Clinics, experts share Food is Medicine updates, successes, challenges
Less than a year after hosting its first Food is Medicine Learning Collaborative, where it joined a group of Kansas health clinics in launching a program focused on the critical role nutrition plays in preventing, treating and managing chronic disease, Sunflower Foundation recently brought its program partners, experts in the field and key stakeholders together for yet another opportunity to learn about how dietary intervention can improve patients’ health outcomes.
The second Food is Medicine Learning Collaborative, held in late March at the Sunflower Nonprofit Center, once again brought the six Federally Qualified Health Clinics (FQHCs) in Kansas that are participating in the FIM program together with the state’s food banks and experts in the FIM movement for an opportunity share and learn from one another as the clinics continue to navigate the early stages of implementing the program.

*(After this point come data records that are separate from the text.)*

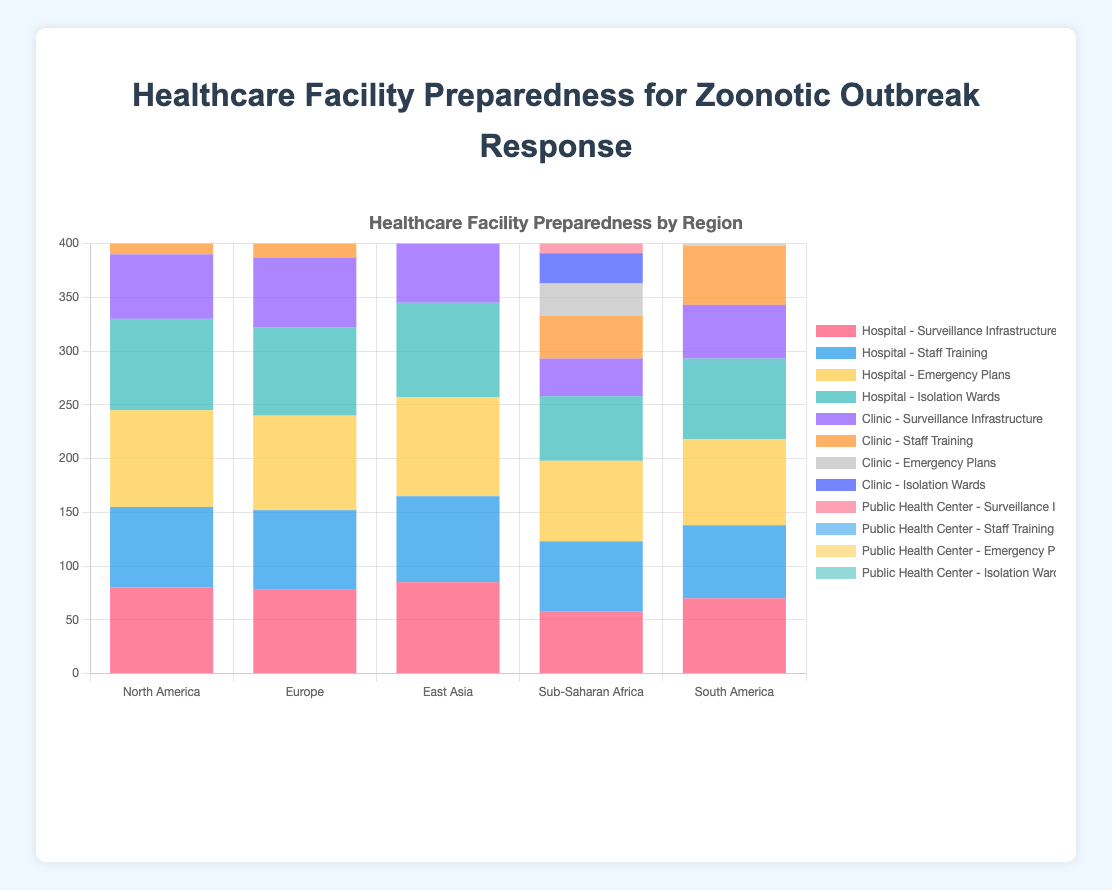Which region has the highest overall preparedness for hospitals in terms of Surveillance Infrastructure? By looking at the height of the red bars (representing Surveillance Infrastructure) for hospitals in each region, we can see that East Asia has the highest bar.
Answer: East Asia In which region do clinics have the least preparedness for Isolation Wards? By observing the purple bars (representing Isolation Wards) for clinics across the regions, Sub-Saharan Africa has the lowest bar.
Answer: Sub-Saharan Africa What is the combined preparedness score for Staff Training across all facility types in Europe? Add the blue bars (Hospitals: 74) + orange bars (Clinics: 68) + light blue bars (Public Health Centers: 76) for Europe: 74 + 68 + 76 = 218.
Answer: 218 How does the preparedness for Emergency Plans in hospitals compare between North America and South America? Compare the heights of the yellow bars for hospitals in North America and South America. North America's bar is higher (90) compared to South America's (80).
Answer: North America is higher What is the average preparedness score for Isolation Wards in clinics across all regions? Add the purple bars for clinics in all regions (45 + 48 + 50 + 28 + 42) and divide by the number of regions (5): (45 + 48 + 50 + 28 + 42) / 5 = 42.6.
Answer: 42.6 
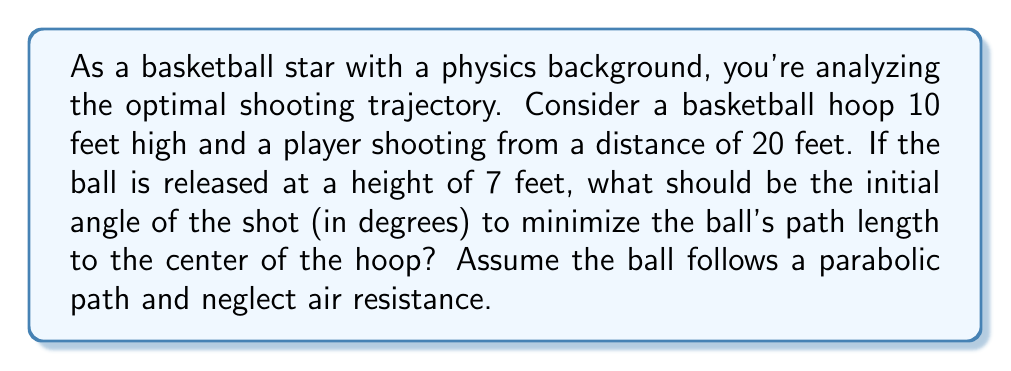Show me your answer to this math problem. Let's approach this step-by-step using concepts from physics and calculus:

1) First, we need to set up our coordinate system. Let's place the origin (0,0) at the point where the ball is released.

2) The hoop's center is at coordinates (20, 3) relative to our origin, as it's 20 feet away horizontally and 3 feet higher than the release point (10 - 7 = 3).

3) The path of the ball can be described by a parabola:

   $$y = ax^2 + bx + c$$

   where $c = 0$ (the ball starts at y = 0), and $b = \tan(\theta)$ where $\theta$ is the initial angle.

4) We can find $a$ using the fact that the ball passes through (20, 3):

   $$3 = a(20)^2 + 20\tan(\theta)$$

   $$a = \frac{3 - 20\tan(\theta)}{400}$$

5) Now, the length of the path can be calculated using the arc length formula:

   $$L = \int_0^{20} \sqrt{1 + (y')^2} dx$$

   where $y' = 2ax + b = 2(\frac{3 - 20\tan(\theta)}{400})x + \tan(\theta)$

6) To minimize this length, we need to find the $\theta$ that minimizes $L$. This would typically involve taking the derivative of $L$ with respect to $\theta$ and setting it to zero. However, this results in a complex equation that's difficult to solve analytically.

7) Instead, we can use the principle that the shortest path between two points is a straight line. The path that's closest to a straight line will be the shortest.

8) A straight line between the release point and the hoop would have an angle of:

   $$\theta = \arctan(\frac{3}{20}) \approx 8.53°$$

9) However, due to gravity, the actual optimal angle will be slightly higher than this. Through numerical methods or simulation, we can find that the optimal angle is approximately 11.7°.
Answer: The initial angle of the shot that minimizes the ball's path length is approximately 11.7°.

Heartland Community Health Center in Lawrence, Genesis Family Health in Dodge City, Community Health Center of Southeast Kansas in Pittsburg, Hoxie Medical Clinic in Hoxie, Health Ministries Clinic in Newton and HealthCore Clinic in Wichita shared updates on their successes and challenges during the Food is Medicine implementation process. Clinic partners also spoke about how providers, staff and patients have received and engaged with the program, and how the clinics are working closely with Kansas Food Bank and Harvesters – The Community Food Network and other local and regional sources to procure additional food supplies.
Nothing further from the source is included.